- [THE TASK] Print exactly the lines below between the line holding "text Ontvangst: 15-07-2020" and the line holding "text Soort: Melding", inclusive, and nothing more.

[Records from a data source]
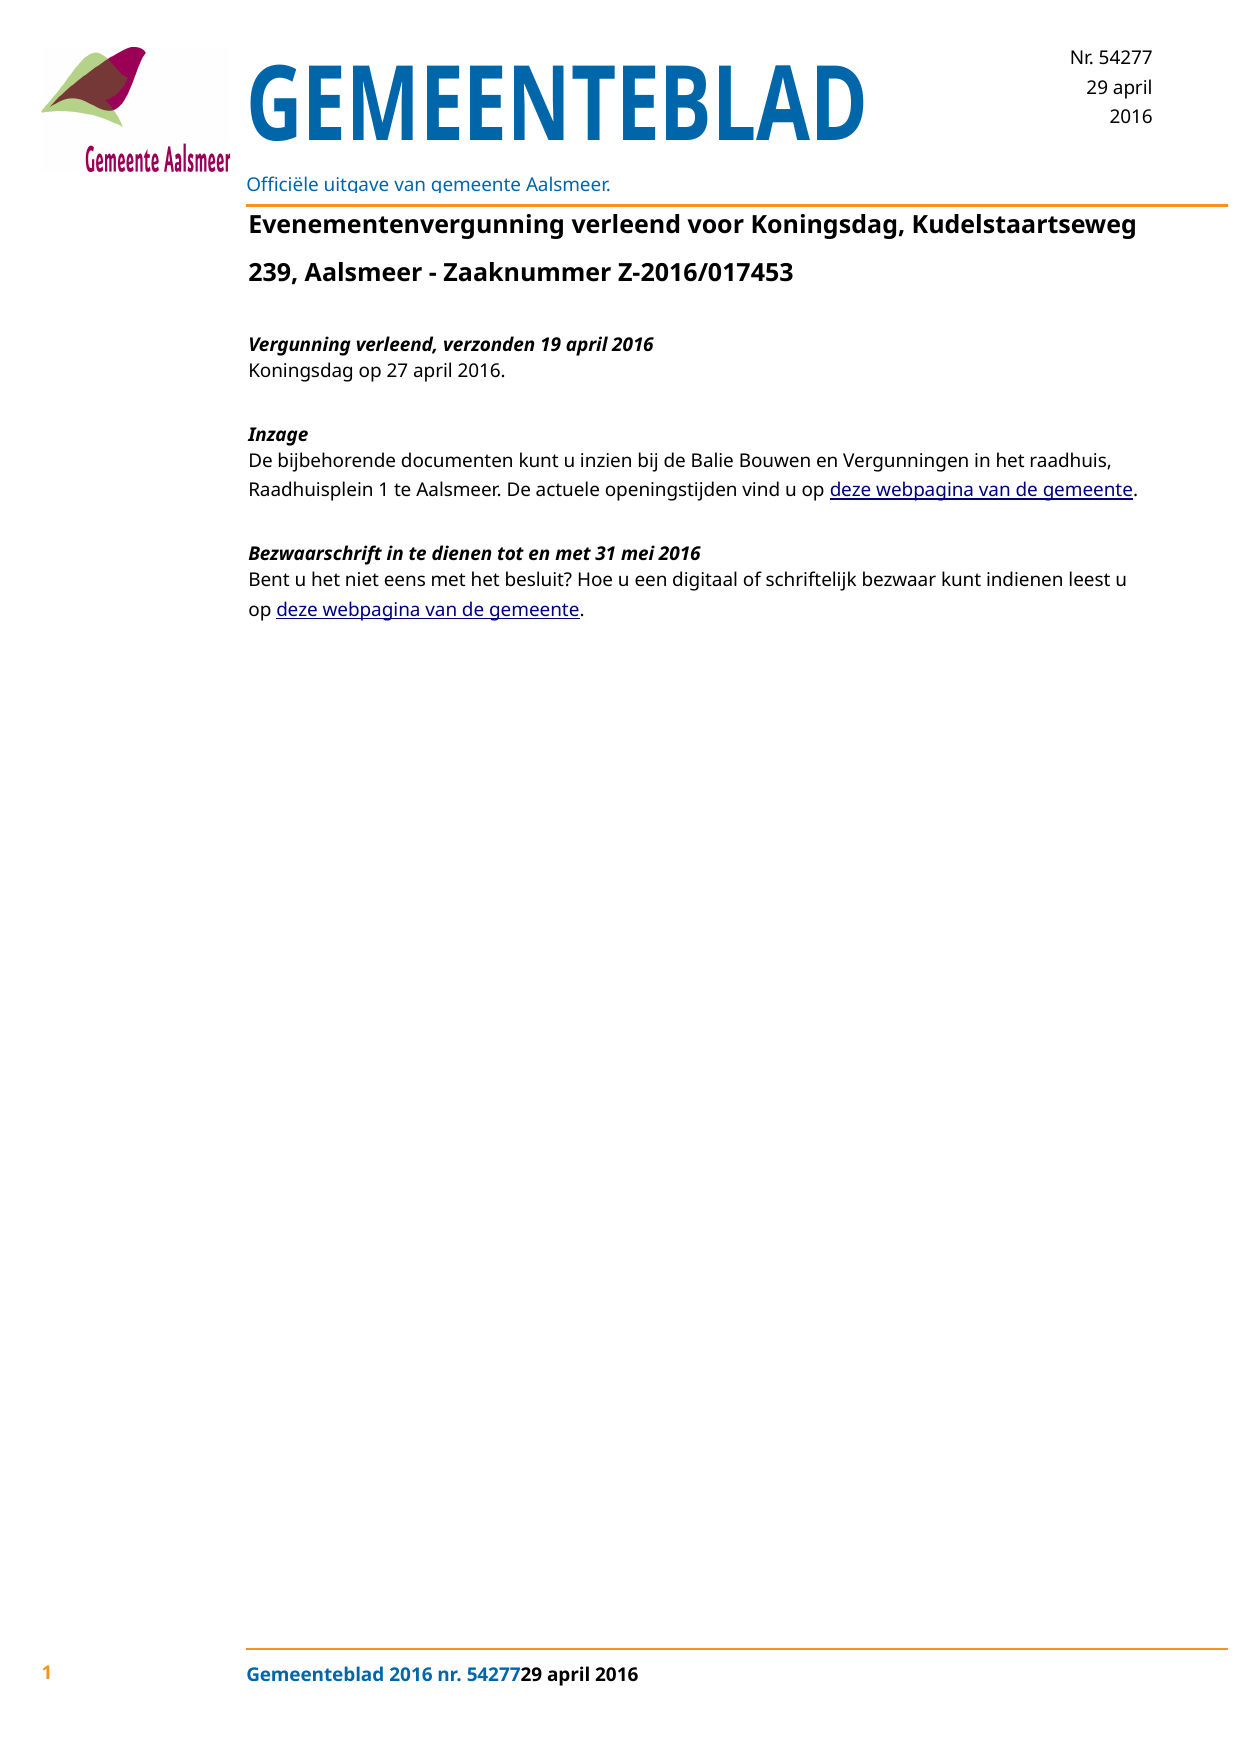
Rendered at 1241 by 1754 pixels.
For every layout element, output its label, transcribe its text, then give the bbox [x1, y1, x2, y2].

text Bent u het niet eens met het besluit? Hoe u een digitaal of schriftelijk bezwaar kunt indienen leest u op deze webpagina van de gemeente. [248, 566, 1152, 621]
text De bijbehorende documenten kunt u inzien bij de Balie Bouwen en Vergunningen in het raadhuis, Raadhuisplein 1 te Aalsmeer. De actuele openingstijden vind u op deze webpagina van de gemeente. [248, 447, 1152, 502]
picture [41, 47, 231, 172]
text Bezwaarschrift in te dienen tot en met 31 mei 2016 [248, 540, 1152, 566]
text Vergunning verleend, verzonden 19 april 2016 [248, 331, 1152, 357]
text Inzage [248, 421, 1152, 447]
text Evenementenvergunning verleend voor Koningsdag, Kudelstaartseweg 239, Aalsmeer - Zaaknummer Z-2016/017453 [248, 207, 1152, 288]
text Koningsdag op 27 april 2016. [248, 357, 1152, 383]
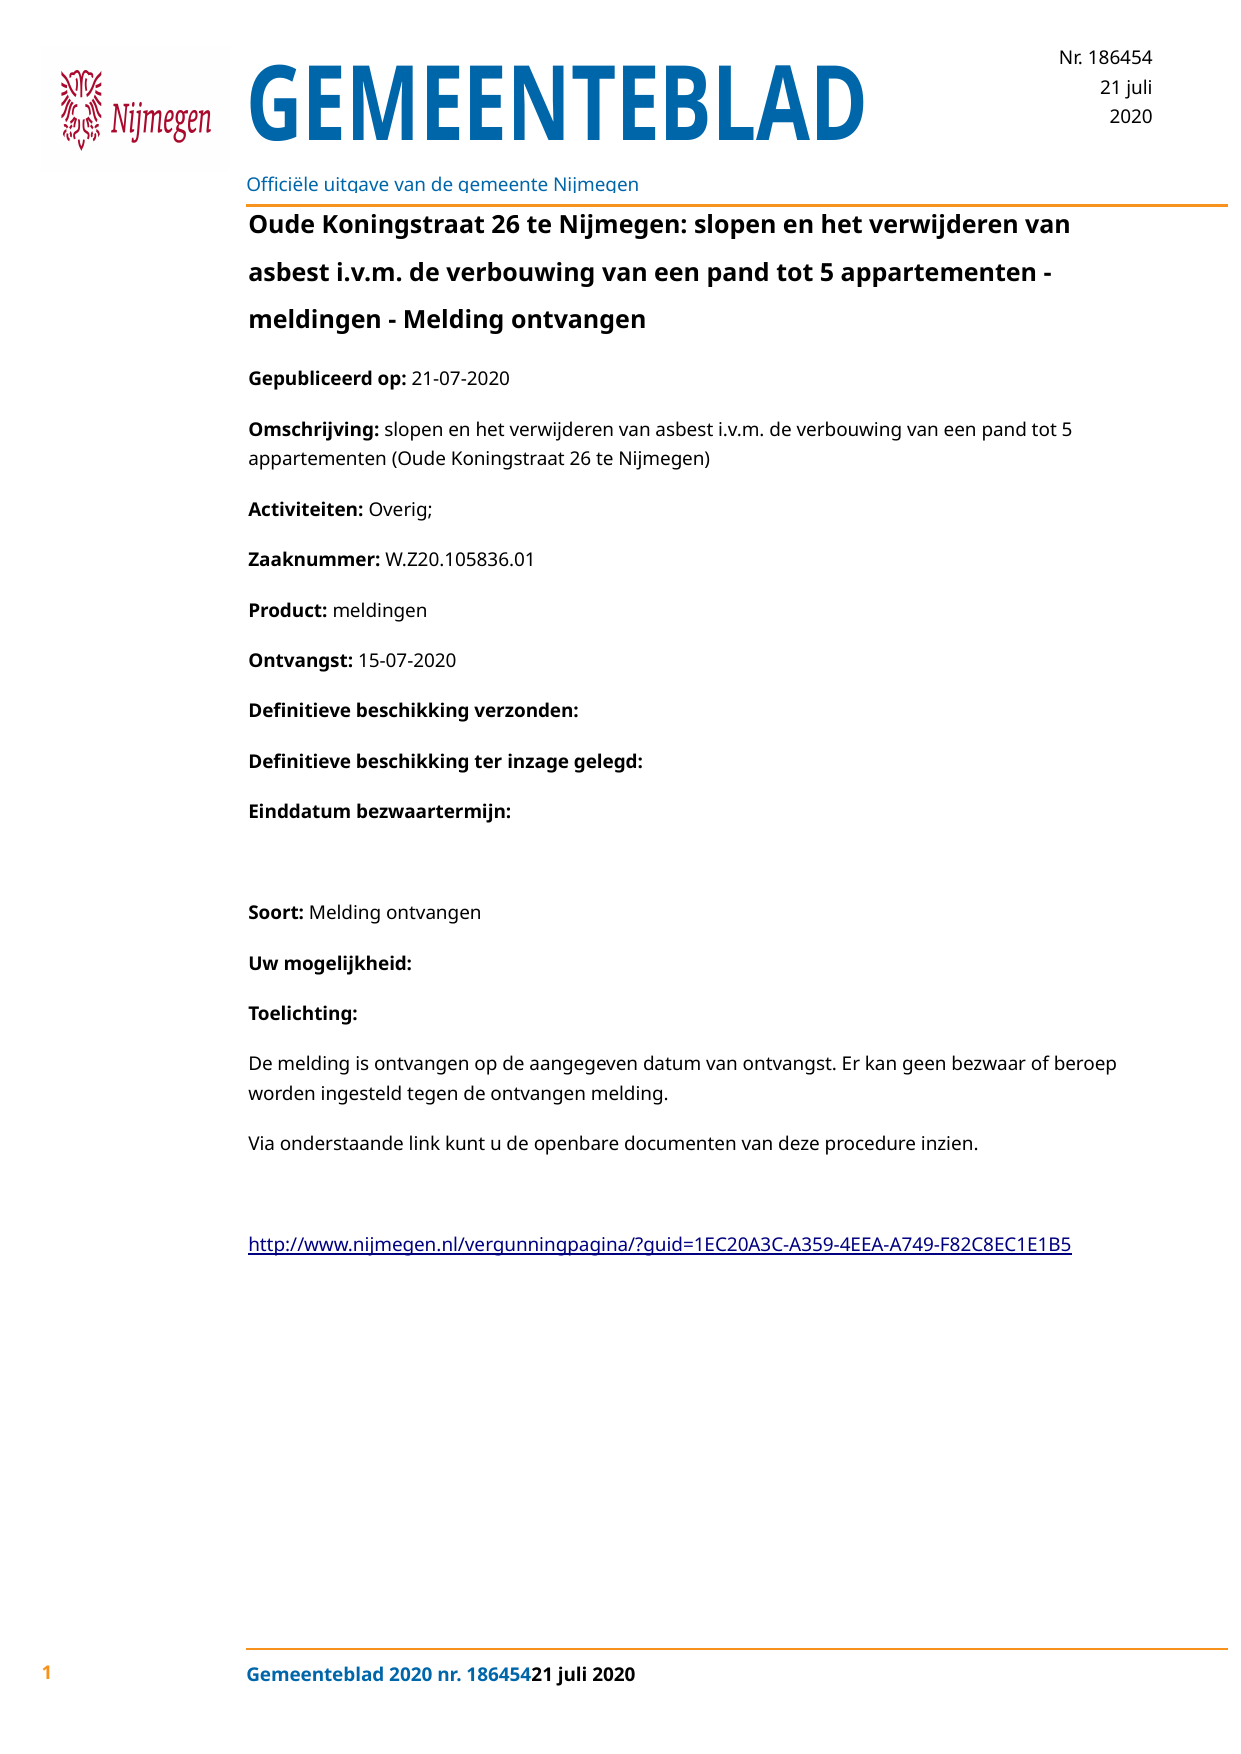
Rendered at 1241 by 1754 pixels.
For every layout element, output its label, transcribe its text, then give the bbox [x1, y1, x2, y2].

text Uw mogelijkheid: [248, 950, 1152, 975]
text De melding is ontvangen op de aangegeven datum van ontvangst. Er kan geen bezwaar of beroep worden ingesteld tegen de ontvangen melding. [248, 1051, 1152, 1106]
text Via onderstaande link kunt u de openbare documenten van deze procedure inzien. [248, 1131, 1152, 1156]
text Einddatum bezwaartermijn: [248, 798, 1152, 824]
text http://www.nijmegen.nl/vergunningpagina/?guid=1EC20A3C-A359-4EEA-A749-F82C8EC1E1B5 [248, 1231, 1152, 1257]
text Product: meldingen [248, 597, 1152, 622]
text Ontvangst: 15-07-2020 [248, 647, 1152, 673]
text Toelichting: [248, 1000, 1152, 1026]
text Definitieve beschikking ter inzage gelegd: [248, 748, 1152, 774]
text Zaaknummer: W.Z20.105836.01 [248, 546, 1152, 572]
text Soort: Melding ontvangen [248, 899, 1152, 925]
text Definitieve beschikking verzonden: [248, 698, 1152, 723]
text Activiteiten: Overig; [248, 496, 1152, 522]
text Oude Koningstraat 26 te Nijmegen: slopen en het verwijderen van asbest i.v.m. de verbouwing van een pand tot 5 appartementen - meldingen - Melding ontvangen [248, 207, 1152, 336]
text Gepubliceerd op: 21-07-2020 [248, 366, 1152, 391]
picture [41, 47, 231, 172]
text Omschrijving: slopen en het verwijderen van asbest i.v.m. de verbouwing van een pand tot 5 appartementen (Oude Koningstraat 26 te Nijmegen) [248, 416, 1152, 471]
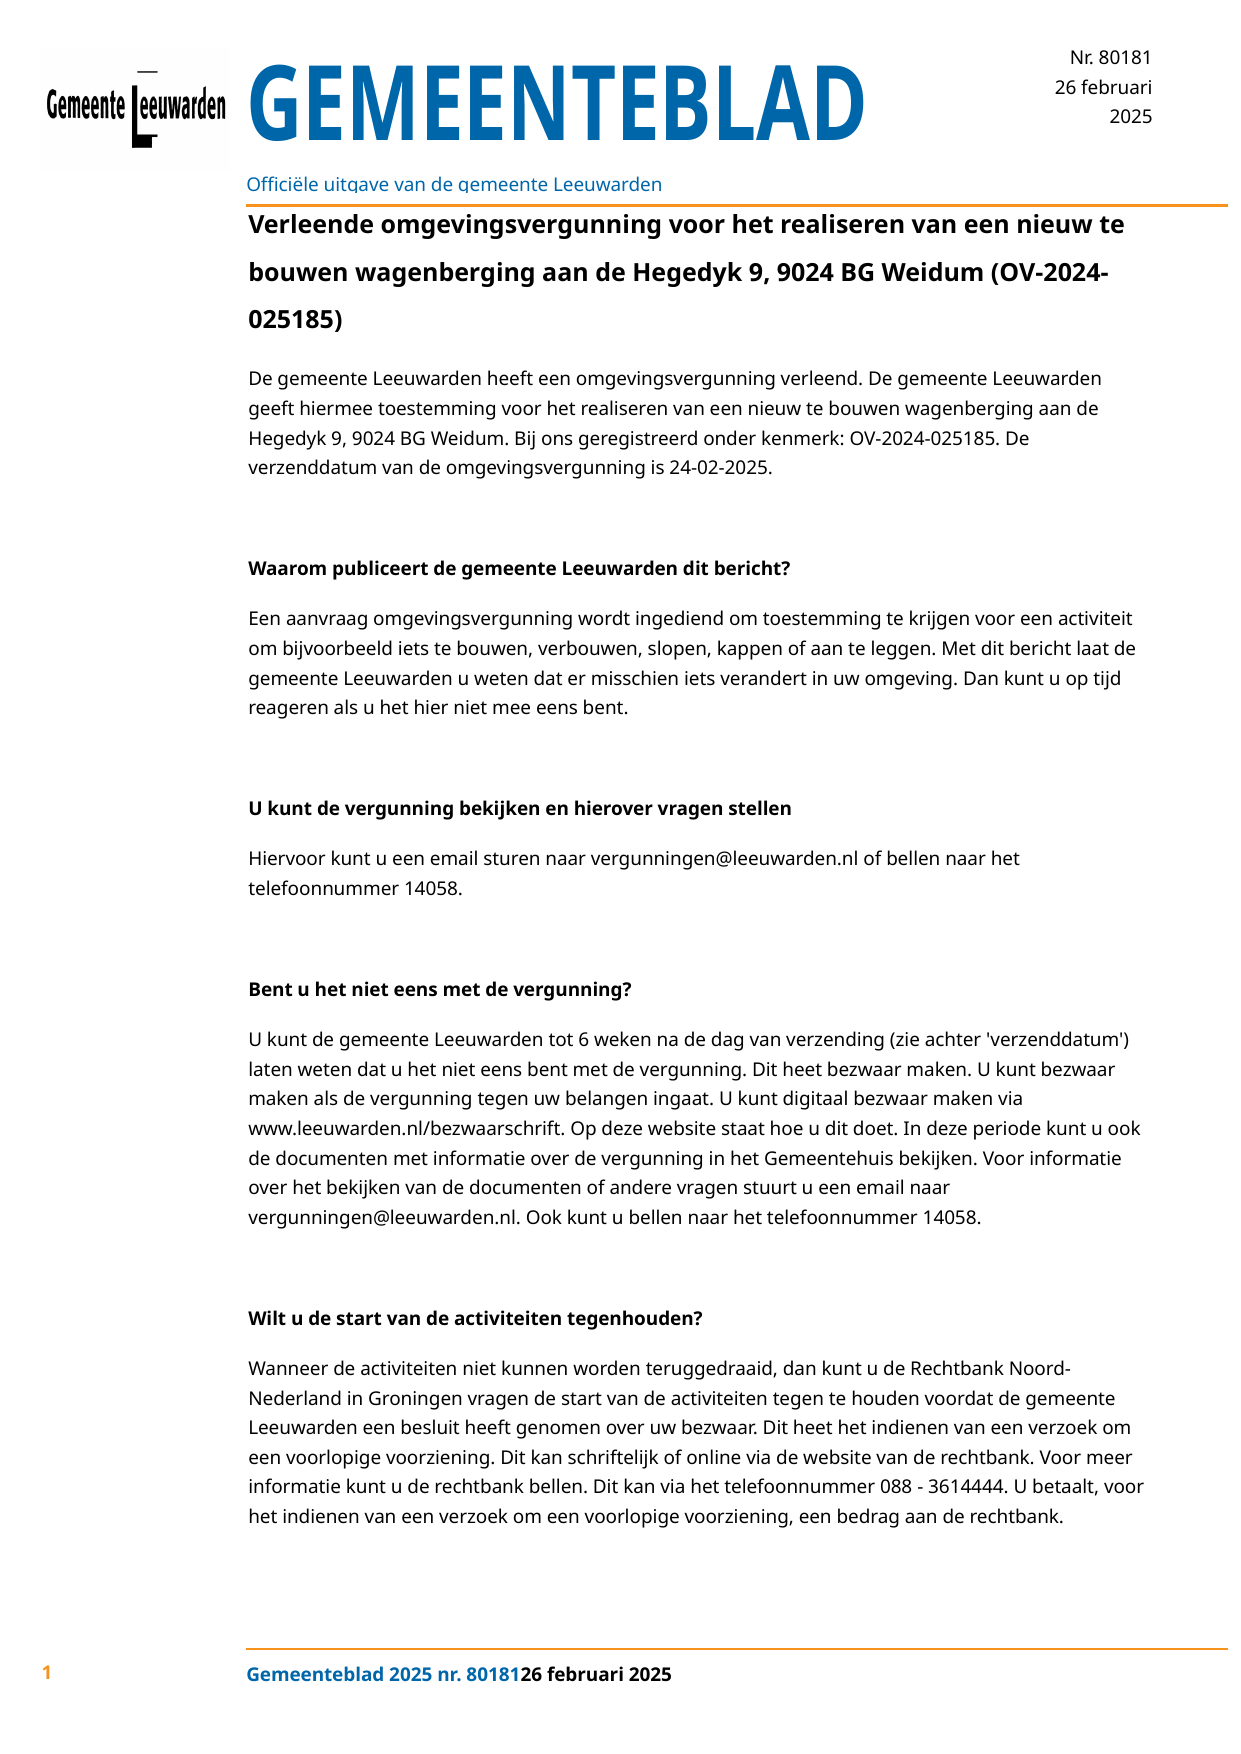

- [SOLUTION TO THIS PROBLEM]
text Ontvangst: 15-07-2020 [248, 647, 1152, 673]
text Toelichting: [248, 1000, 1152, 1026]
text Definitieve beschikking ter inzage gelegd: [248, 748, 1152, 774]
text Zaaknummer: W.Z20.105836.01 [248, 546, 1152, 572]
text Soort: Melding ontvangen [248, 899, 1152, 925]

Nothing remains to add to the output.